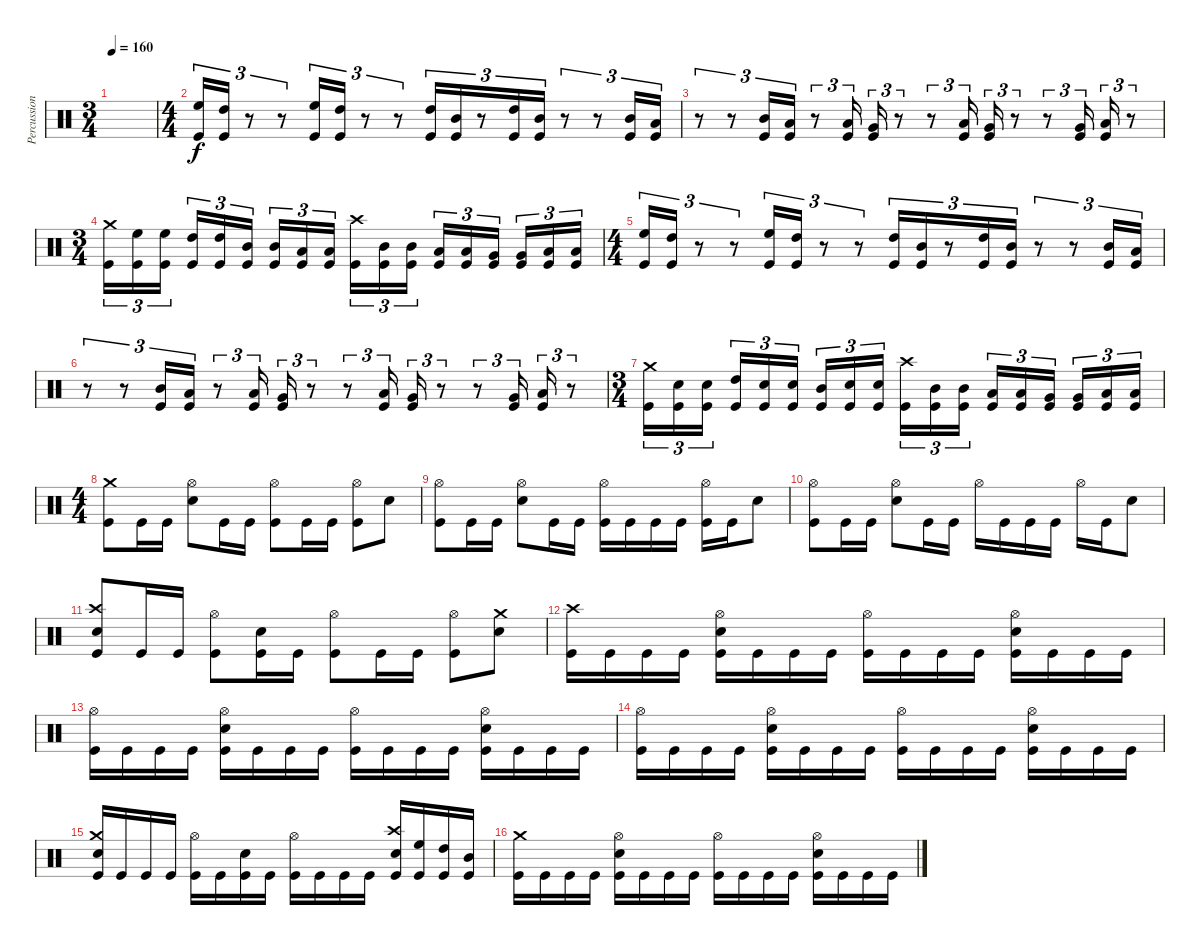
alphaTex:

\track ("Percussion" "Percussion") {instrument percussion}
\staff {score}
\articulation defaults
\ts (3 4)
\tempo 160
\clef neutral
\ks c
|
\ts (4 4)
("High Floor Tom (hit)" "Kick (hit)").16{tu (3 2)} ("High Tom (hit)" "Kick (hit)").16{tu (3 2)} r.8{tu (3 2)} r.8{tu (3 2)} ("High Floor Tom (hit)" "Kick (hit)").16{tu (3 2)} ("High Tom (hit)" "Kick (hit)").16{tu (3 2)} r.8{tu (3 2)} r.8{tu (3 2)} ("High Tom (hit)" "Kick (hit)").16{tu (3 2)} ("Mid Tom (hit)" "Kick (hit)").16{tu (3 2)} r.8{tu (3 2)} ("High Tom (hit)" "Kick (hit)").16{tu (3 2)} ("Mid Tom (hit)" "Kick (hit)").16{tu (3 2)} r.8{tu (3 2)} r.8{tu (3 2)} ("Mid Tom (hit)" "Kick (hit)").16{tu (3 2)} ("Low Tom (hit)" "Kick (hit)").16{tu (3 2)} |
r.8{tu (3 2)} r.8{tu (3 2)} ("Mid Tom (hit)" "Kick (hit)").16{tu (3 2)} ("Low Tom (hit)" "Kick (hit)").16{tu (3 2)} r.8{tu (3 2)} ("Low Tom (hit)" "Kick (hit)").16{tu (3 2)} ("Very Low Tom (hit)" "Kick (hit)").16{tu (3 2)} r.8{tu (3 2)} r.8{tu (3 2)} ("Low Tom (hit)" "Kick (hit)").16{tu (3 2)} ("Very Low Tom (hit)" "Kick (hit)").16{tu (3 2)} r.8{tu (3 2)} r.8{tu (3 2)} ("Very Low Tom (hit)" "Kick (hit)").16{tu (3 2)} ("Low Floor Tom (hit)" "Kick (hit)").16{tu (3 2)} r.8{tu (3 2)} |
\ts (3 4)
("Crash medium (hit)" "Kick (hit)").16{tu (3 2)} ("High Floor Tom (hit)" "Kick (hit)").16{tu (3 2)} ("High Floor Tom (hit)" "Kick (hit)").16{tu (3 2) beam splitsecondary} ("High Tom (hit)" "Kick (hit)").16{tu (3 2)} ("High Tom (hit)" "Kick (hit)").16{tu (3 2)} ("Mid Tom (hit)" "Kick (hit)").16{tu (3 2)} ("Mid Tom (hit)" "Kick (hit)").16{tu (3 2)} ("Low Tom (hit)" "Kick (hit)").16{tu (3 2)} ("Low Tom (hit)" "Kick (hit)").16{tu (3 2) beam splitsecondary} ("Crash high (hit)" "Kick (hit)").16{tu (3 2)} ("Mid Tom (hit)" "Kick (hit)").16{tu (3 2)} ("Mid Tom (hit)" "Kick (hit)").16{tu (3 2)} ("Low Tom (hit)" "Kick (hit)").16{tu (3 2)} ("Low Tom (hit)" "Kick (hit)").16{tu (3 2)} ("Very Low Tom (hit)" "Kick (hit)").16{tu (3 2) beam splitsecondary} ("Very Low Tom (hit)" "Kick (hit)").16{tu (3 2)} ("Low Floor Tom (hit)" "Kick (hit)").16{tu (3 2)} ("Low Floor Tom (hit)" "Kick (hit)").16{tu (3 2)} |
\ts (4 4)
("High Floor Tom (hit)" "Kick (hit)").16{tu (3 2)} ("High Tom (hit)" "Kick (hit)").16{tu (3 2)} r.8{tu (3 2)} r.8{tu (3 2)} ("High Floor Tom (hit)" "Kick (hit)").16{tu (3 2)} ("High Tom (hit)" "Kick (hit)").16{tu (3 2)} r.8{tu (3 2)} r.8{tu (3 2)} ("High Tom (hit)" "Kick (hit)").16{tu (3 2)} ("Mid Tom (hit)" "Kick (hit)").16{tu (3 2)} r.8{tu (3 2)} ("High Tom (hit)" "Kick (hit)").16{tu (3 2)} ("Mid Tom (hit)" "Kick (hit)").16{tu (3 2)} r.8{tu (3 2)} r.8{tu (3 2)} ("Mid Tom (hit)" "Kick (hit)").16{tu (3 2)} ("Low Tom (hit)" "Kick (hit)").16{tu (3 2)} |
r.8{tu (3 2)} r.8{tu (3 2)} ("Mid Tom (hit)" "Kick (hit)").16{tu (3 2)} ("Low Tom (hit)" "Kick (hit)").16{tu (3 2)} r.8{tu (3 2)} ("Low Tom (hit)" "Kick (hit)").16{tu (3 2)} ("Very Low Tom (hit)" "Kick (hit)").16{tu (3 2)} r.8{tu (3 2)} r.8{tu (3 2)} ("Low Tom (hit)" "Kick (hit)").16{tu (3 2)} ("Very Low Tom (hit)" "Kick (hit)").16{tu (3 2)} r.8{tu (3 2)} r.8{tu (3 2)} ("Very Low Tom (hit)" "Kick (hit)").16{tu (3 2)} ("Low Floor Tom (hit)" "Kick (hit)").16{tu (3 2)} r.8{tu (3 2)} |
\ts (3 4)
("Crash medium (hit)" "Kick (hit)").16{tu (3 2)} ("Snare (hit) 2" "Kick (hit)").16{tu (3 2)} ("Snare (hit) 2" "Kick (hit)").16{tu (3 2) beam splitsecondary} ("High Tom (hit)" "Kick (hit)").16{tu (3 2)} ("Snare (hit) 2" "Kick (hit)").16{tu (3 2)} ("Snare (hit) 2" "Kick (hit)").16{tu (3 2)} ("Mid Tom (hit)" "Kick (hit)").16{tu (3 2)} ("Snare (hit) 2" "Kick (hit)").16{tu (3 2)} ("Snare (hit) 2" "Kick (hit)").16{tu (3 2) beam splitsecondary} ("Crash high (hit)" "Kick (hit)").16{tu (3 2)} ("Mid Tom (hit)" "Kick (hit)").16{tu (3 2)} ("Mid Tom (hit)" "Kick (hit)").16{tu (3 2)} ("Low Tom (hit)" "Kick (hit)").16{tu (3 2)} ("Low Tom (hit)" "Kick (hit)").16{tu (3 2)} ("Very Low Tom (hit)" "Kick (hit)").16{tu (3 2) beam splitsecondary} ("Very Low Tom (hit)" "Kick (hit)").16{tu (3 2)} ("Low Floor Tom (hit)" "Kick (hit)").16{tu (3 2)} ("Low Floor Tom (hit)" "Kick (hit)").16{tu (3 2)} |
\ts (4 4)
("Crash medium (hit)" "Kick (hit)").8 "Kick (hit)".16 "Kick (hit)".16 ("Hi-Hat (open)" "Snare (hit) 2").8 "Kick (hit)".16 "Kick (hit)".16 ("Hi-Hat (open)" "Kick (hit)").8 "Kick (hit)".16 "Kick (hit)".16 ("Hi-Hat (open)" "Kick (hit)").8 "Snare (hit) 2".8 |
("Hi-Hat (open)" "Kick (hit)").8 "Kick (hit)".16 "Kick (hit)".16 ("Hi-Hat (open)" "Snare (hit) 2").8 "Kick (hit)".16 "Kick (hit)".16 ("Hi-Hat (open)" "Kick (hit)").16 "Kick (hit)".16 "Kick (hit)".16 "Kick (hit)".16 ("Hi-Hat (open)" "Kick (hit)").16 "Kick (hit)".16 "Snare (hit) 2".8 |
("Hi-Hat (open)" "Kick (hit)").8 "Kick (hit)".16 "Kick (hit)".16 ("Hi-Hat (open)" "Snare (hit) 2").8 "Kick (hit)".16 "Kick (hit)".16 "Hi-Hat (open)".16 "Kick (hit)".16 "Kick (hit)".16 "Kick (hit)".16 "Hi-Hat (open)".16 "Kick (hit)".16 "Snare (hit) 2".8 |
("Crash high (hit)" "Snare (hit) 2" "Kick (hit)").8 "Kick (hit)".16 "Kick (hit)".16 ("Hi-Hat (open)" "Kick (hit)").8 ("Snare (hit) 2" "Kick (hit)").16 "Kick (hit)".16 ("Hi-Hat (open)" "Kick (hit)").8 "Kick (hit)".16 "Kick (hit)".16 ("Hi-Hat (open)" "Kick (hit)").8 ("Crash medium (hit)" "Snare (hit) 2").8 |
("Crash high (hit)" "Kick (hit)").16 "Kick (hit)".16 "Kick (hit)".16 "Kick (hit)".16 ("Hi-Hat (open)" "Snare (hit) 2" "Kick (hit)").16 "Kick (hit)".16 "Kick (hit)".16 "Kick (hit)".16 ("Hi-Hat (open)" "Kick (hit)").16 "Kick (hit)".16 "Kick (hit)".16 "Kick (hit)".16 ("Hi-Hat (open)" "Snare (hit) 2" "Kick (hit)").16 "Kick (hit)".16 "Kick (hit)".16 "Kick (hit)".16 |
("Hi-Hat (open)" "Kick (hit)").16 "Kick (hit)".16 "Kick (hit)".16 "Kick (hit)".16 ("Hi-Hat (open)" "Snare (hit) 2" "Kick (hit)").16 "Kick (hit)".16 "Kick (hit)".16 "Kick (hit)".16 ("Hi-Hat (open)" "Kick (hit)").16 "Kick (hit)".16 "Kick (hit)".16 "Kick (hit)".16 ("Hi-Hat (open)" "Snare (hit) 2" "Kick (hit)").16 "Kick (hit)".16 "Kick (hit)".16 "Kick (hit)".16 |
("Hi-Hat (open)" "Kick (hit)").16 "Kick (hit)".16 "Kick (hit)".16 "Kick (hit)".16 ("Hi-Hat (open)" "Snare (hit) 2" "Kick (hit)").16 "Kick (hit)".16 "Kick (hit)".16 "Kick (hit)".16 ("Hi-Hat (open)" "Kick (hit)").16 "Kick (hit)".16 "Kick (hit)".16 "Kick (hit)".16 ("Hi-Hat (open)" "Snare (hit) 2" "Kick (hit)").16 "Kick (hit)".16 "Kick (hit)".16 "Kick (hit)".16 |
("Crash medium (hit)" "Snare (hit) 2" "Kick (hit)").16 "Kick (hit)".16 "Kick (hit)".16 "Kick (hit)".16 ("Hi-Hat (open)" "Kick (hit)").16 "Kick (hit)".16 ("Snare (hit) 2" "Kick (hit)").16 "Kick (hit)".16 ("Hi-Hat (open)" "Kick (hit)").16 "Kick (hit)".16 "Kick (hit)".16 "Kick (hit)".16 ("Crash high (hit)" "Snare (hit) 2" "Kick (hit)").16 ("High Floor Tom (hit)" "Kick (hit)").16 ("High Tom (hit)" "Kick (hit)").16 ("Mid Tom (hit)" "Kick (hit)").16 |
("Crash medium (hit)" "Kick (hit)").16 "Kick (hit)".16 "Kick (hit)".16 "Kick (hit)".16 ("Hi-Hat (open)" "Snare (hit) 2" "Kick (hit)").16 "Kick (hit)".16 "Kick (hit)".16 "Kick (hit)".16 ("Hi-Hat (open)" "Kick (hit)").16 "Kick (hit)".16 "Kick (hit)".16 "Kick (hit)".16 ("Hi-Hat (open)" "Snare (hit) 2" "Kick (hit)").16 "Kick (hit)".16 "Kick (hit)".16 "Kick (hit)".16

EXERCISE:
Answer with a number only: how many lines above include the word "splitsecondary"?

COMPLETED EXERCISE:
2